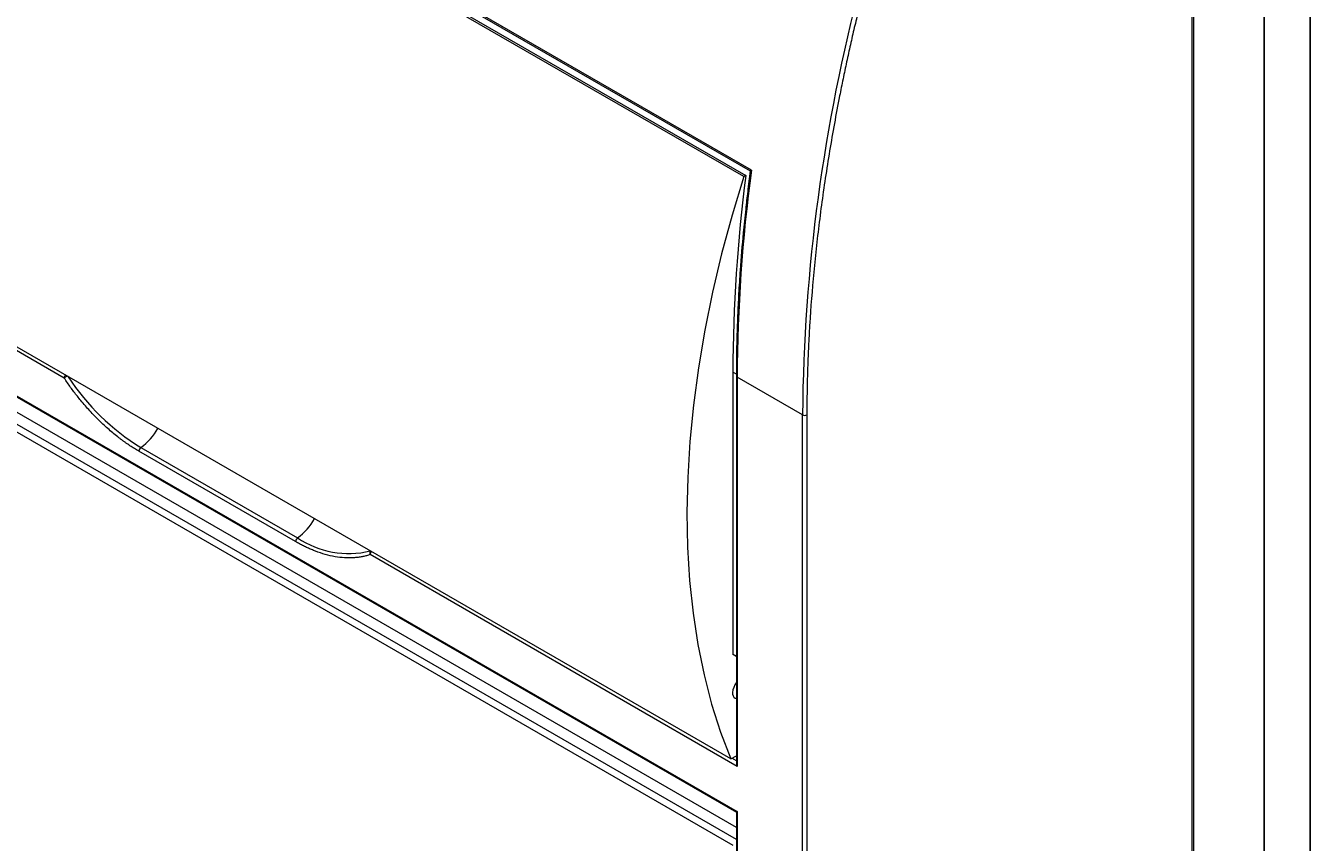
# Model space of a CAD drawing. Header units: millimetres. Extents: x 0 to 1189, y 0 to 841.
# Tile 8 of 10: x 980 to 1189, y 155 to 288. Entities that reach past the tile are written whole.
import ezdxf

# ---------------------------------------------------------------- set-up
doc = ezdxf.new("R2010")
doc.units = ezdxf.units.MM
doc.layers.add('FORMATO', color=7, linetype='Continuous')
doc.styles.add('SLDTEXTSTYLE1', font='TXT', dxfattribs={"width": 0.605})
doc.styles.add('SLDTEXTSTYLE2', font='TXT', dxfattribs={"width": 0.569583})

# ---------------------------------------------------------------- blocks, each defined once
blk = doc.blocks.new('SW_NOTE_0')
at = {"color": 0, "linetype": 'Continuous', "lineweight": 0, "attachment_point": 1, "rotation": 90}
for s, insert, char_height, style in [('Sujeito a alteração sem aviso prévio. As informações contidas são valores de referência.                                                           Los valores demostrados pueden ser cambiados sin aviso previo. La información és de referencia solamente.', (-1.71, 0), 1.32292, 'SLDTEXTSTYLE2'), ('The values shown are subject to change without prior notice. The information is for reference only.', (0.06, 0), 1.3229, 'SLDTEXTSTYLE1')]:
    blk.add_mtext(s, dxfattribs=dict(at, insert=insert, char_height=char_height, style=style))

msp = doc.modelspace()

# ---------------------------------------------------------------- linework, layer by layer
at = {"color": 7, "linetype": 'Continuous', "lineweight": 15}
for p, q in [((1098.19, 264.23), (929.2, 361.79)), ((929.58, 361.33), (1098.01, 264.1)), ((1096.94, 263.18), (930.07, 359.52)), ((930.4, 359.7), (1097.27, 263.36)), ((1169.78, 62.16), (1169.78, 325.08)), ((1170.07, 62.57), (1170.07, 325.49)), ((986.53, 230.42), (926.88, 264.85)), ((1094.82, 168.5), (927.95, 264.83)), ((1097.27, 263.36), (1096.94, 263.18)), ((926.88, 257.5), (1095.88, 159.94)), ((927.24, 257.13), (1095.74, 159.86)), ((1095.74, 157.35), (929.11, 253.54)), ((1095.74, 155.43), (927.59, 252.5)), ((928.3, 250.8), (1095.18, 154.47)), ((1095.18, 231.39), (1095.18, 185.51)), ((1095.74, 230.78), (1095.74, 167.79)), ((1106.49, 224.45), (1095.88, 230.57)), ((1095.88, 230.57), (1095.88, 167.29)), ((1106.49, 90.54), (1106.49, 224.45)), ((1107.2, 224.45), (1107.2, 90.54)), ((1024.11, 203.84), (998.66, 218.54)), ((998.98, 219.13), (1024.44, 204.44)), ((1095.88, 167.29), (1036.23, 201.73)), ((1095.74, 185.19), (1095.18, 185.51)), ((1095.53, 178.38), (1095.74, 178.31)), ((1094.82, 168.5), (1095.74, 169)), ((1095.74, 159.86), (1095.74, 96.87)), ((1095.88, 159.94), (1095.88, 96.66))]:
    msp.add_line(p, q, dxfattribs=at)
at = {"color": 8, "linetype": 'Continuous', "lineweight": 15}
for p, q in [((1095.74, 231.07), (1095.18, 231.39)), ((1095.74, 168.19), (1095.02, 168.61))]:
    msp.add_line(p, q, dxfattribs=at)
at = {"color": 7, "linetype": 'Continuous', "lineweight": 15, "flags": 128}
msp.add_lwpolyline([(1096.94, 263.18), (1095.04, 256.89), (1093.35, 250.61), (1091.88, 244.38), (1090.63, 238.2), (1089.59, 232.08), (1088.79, 226.05), (1088.2, 220.11), (1087.85, 214.27), (1087.72, 208.55), (1087.82, 202.96), (1088.15, 197.52), (1088.7, 192.23), (1089.48, 187.11), (1090.49, 182.16), (1091.71, 177.41), (1093.16, 172.85), (1094.82, 168.5)], dxfattribs=at)
at = {"color": 7, "linetype": 'Continuous', "lineweight": 15}
for centre, radius, start, end in [((1390.19, 221.91), 283.71, 165.1671, 179.4874), ((1349.17, 230.79), 253.99, 172.6318, 179.8645), ((1351.72, 229.91), 255.84, 172.2916, 179.8518), ((1106.84, 225.13), 0.769, 242.6097, 297.3903), ((999.43, 218.5), 0.776, 125.331, 177.217), ((1024.89, 203.8), 0.776, 125.331, 177.217), ((1090.98, 178.06), 8.55, 56.191, 59.3993), ((1098.09, 179.09), 2.97, 142.6159, 176.1488), ((1096.03, 179.13), 0.905, 170.1238, 236.586)]:
    msp.add_arc(centre, radius, start, end, dxfattribs=at)
at = {"color": 8, "linetype": 'Continuous', "lineweight": 15}
for centre, radius, start, end in [((987.3, 230.38), 0.772, 138.1011, 177.3076), ((1018.6, 251.04), 37.45, 213.0163, 238.4194), ((1095.99, 230.8), 0.251, 185.7107, 245.624), ((993.75, 226.55), 9.07, 305.2127, 331.6392), ((1019.12, 211.93), 9.18, 305.3725, 331.4795), ((1032.73, 216.73), 14.82, 236, 283.6671), ((1037.01, 201.69), 0.772, 138.1011, 177.3076)]:
    msp.add_arc(centre, radius, start, end, dxfattribs=at)
at = {"color": 7, "linetype": 'Continuous', "lineweight": 15}
for centre, major_axis, ratio, start_param, end_param in [((1096.24, 167.5), (-0.354, 0.612), 0.577335, 0.785358, 1.570756), ((1096.24, 160.15), (0.5, 0.289), 0.00007, 2.356154, 3.141552)]:
    msp.add_ellipse(centre, major_axis=major_axis, ratio=ratio, start_param=start_param, end_param=end_param, dxfattribs=at)
for points, knots in [([(1116.62, 294.4), (1116.5, 293.93), (1116.26, 293), (1115.91, 291.6), (1115.57, 290.2), (1115.24, 288.8), (1114.91, 287.41), (1114.58, 286.01), (1114.27, 284.62), (1113.96, 283.23), (1113.66, 281.84), (1113.36, 280.45), (1113.07, 279.07), (1112.79, 277.68), (1112.01, 273.77), (1110.85, 267.35), (1109.52, 258.51), (1108.48, 249.78), (1107.92, 243.23), (1107.63, 238.77), (1107.5, 236.35), (1107.39, 233.95), (1107.3, 231.55), (1107.24, 229.17), (1107.2, 226.8), (1107.2, 225.24), (1107.2, 224.45)], [0, 0, 0, 0, 0.019241, 0.038477, 0.057709, 0.076939, 0.096167, 0.115393, 0.134619, 0.153845, 0.173073, 0.192302, 0.211534, 0.230769, 0.250009, 0.375002, 0.500001, 0.624993, 0.749992, 0.785718, 0.821432, 0.857139, 0.892844, 0.928553, 0.96427, 1, 1, 1, 1]), ([(1098.01, 264.1), (1097.86, 262.98), (1097.59, 260.91), (1097.29, 258.19), (1097.05, 255.96), (1096.72, 252.63), (1096.4, 248.68), (1096.11, 244.2), (1095.97, 241.26), (1095.88, 238.88), (1095.81, 236.74), (1095.75, 233.96), (1095.74, 231.91), (1095.74, 230.78)], [0, 0, 0, 0, 0.097935, 0.181375, 0.239284, 0.29524, 0.476428, 0.591941, 0.698545, 0.743978, 0.809243, 0.894595, 1, 1, 1, 1]), ([(1098.13, 264.19), (1098.1, 264.17), (1098.03, 264.13), (1097.99, 264.1), (1098.01, 264.1), (1098.01, 264.1)], [0, 0, 0, 0, 0.497288, 0.922258, 1, 1, 1, 1]), ([(1098.19, 264.23), (1098.18, 264.22), (1098.16, 264.21), (1098.14, 264.2), (1098.13, 264.19)], [0, 0, 0, 0, 0.459878, 1, 1, 1, 1]), ([(986.53, 230.42), (986.56, 230.44), (986.59, 230.47), (986.67, 230.53), (986.72, 230.57), (986.83, 230.64), (986.88, 230.68), (986.99, 230.75), (987.04, 230.78), (987.08, 230.8)], [0, 0, 0, 0, 0.25, 0.25, 0.5, 0.5, 0.75, 0.75, 1, 1, 1, 1]), ([(998.66, 218.54), (998.54, 218.61), (998.29, 218.75), (997.93, 218.97), (997.57, 219.2), (997.21, 219.43), (996.85, 219.67), (996.5, 219.92), (996.14, 220.18), (995.78, 220.44), (995, 221.04), (993.81, 222.02), (992.23, 223.48), (990.7, 225.07), (989.52, 226.42), (988.67, 227.48), (988.11, 228.19), (987.57, 228.92), (987.05, 229.66), (986.7, 230.17), (986.53, 230.42)], [0, 0, 0, 0, 0.027632, 0.05523, 0.082804, 0.110363, 0.137916, 0.165473, 0.193044, 0.220638, 0.248265, 0.374119, 0.500004, 0.625859, 0.751743, 0.801436, 0.851053, 0.900649, 0.950279, 1, 1, 1, 1]), ([(1036.23, 201.73), (1036.14, 201.7), (1035.95, 201.63), (1035.66, 201.55), (1035.37, 201.48), (1035.07, 201.41), (1034.77, 201.35), (1034.47, 201.3), (1034.16, 201.26), (1033.85, 201.23), (1033.16, 201.18), (1032.07, 201.18), (1030.54, 201.36), (1028.96, 201.72), (1027.67, 202.15), (1026.7, 202.54), (1026.06, 202.83), (1025.41, 203.14), (1024.76, 203.47), (1024.33, 203.72), (1024.11, 203.84)], [0, 0, 0, 0, 0.027632, 0.05523, 0.082804, 0.110363, 0.137916, 0.165473, 0.193044, 0.220638, 0.248265, 0.374119, 0.500004, 0.625859, 0.751743, 0.801436, 0.851053, 0.900649, 0.950279, 1, 1, 1, 1]), ([(1036.34, 202.36), (1036.3, 202.33), (1036.27, 202.3), (1036.21, 202.2), (1036.19, 202.15), (1036.17, 202.02), (1036.17, 201.96), (1036.19, 201.84), (1036.21, 201.78), (1036.23, 201.73)], [0, 0, 0, 0, 0.25, 0.25, 0.5, 0.5, 0.75, 0.75, 1, 1, 1, 1])]:
    msp.add_open_spline(points, degree=3, knots=knots, dxfattribs=at)
at = {"layer": 'FORMATO'}
for p, q in [((1189, 0), (1189, 841)), ((1181.52, 5), (1181.52, 831))]:
    msp.add_line(p, q, dxfattribs=at)

# ---------------------------------------------------------------- block references
at = {"color": 7, "linetype": 'Continuous', "lineweight": 0}
msp.add_blockref('SW_NOTE_0', (1185.45, 14.3), dxfattribs=at)

doc.saveas('drawing.dxf')
========================================
Go through the data and copy every line that includes "FORMATO".

doc.layers.add('FORMATO', color=7, linetype='Continuous')
at = {"layer": 'FORMATO'}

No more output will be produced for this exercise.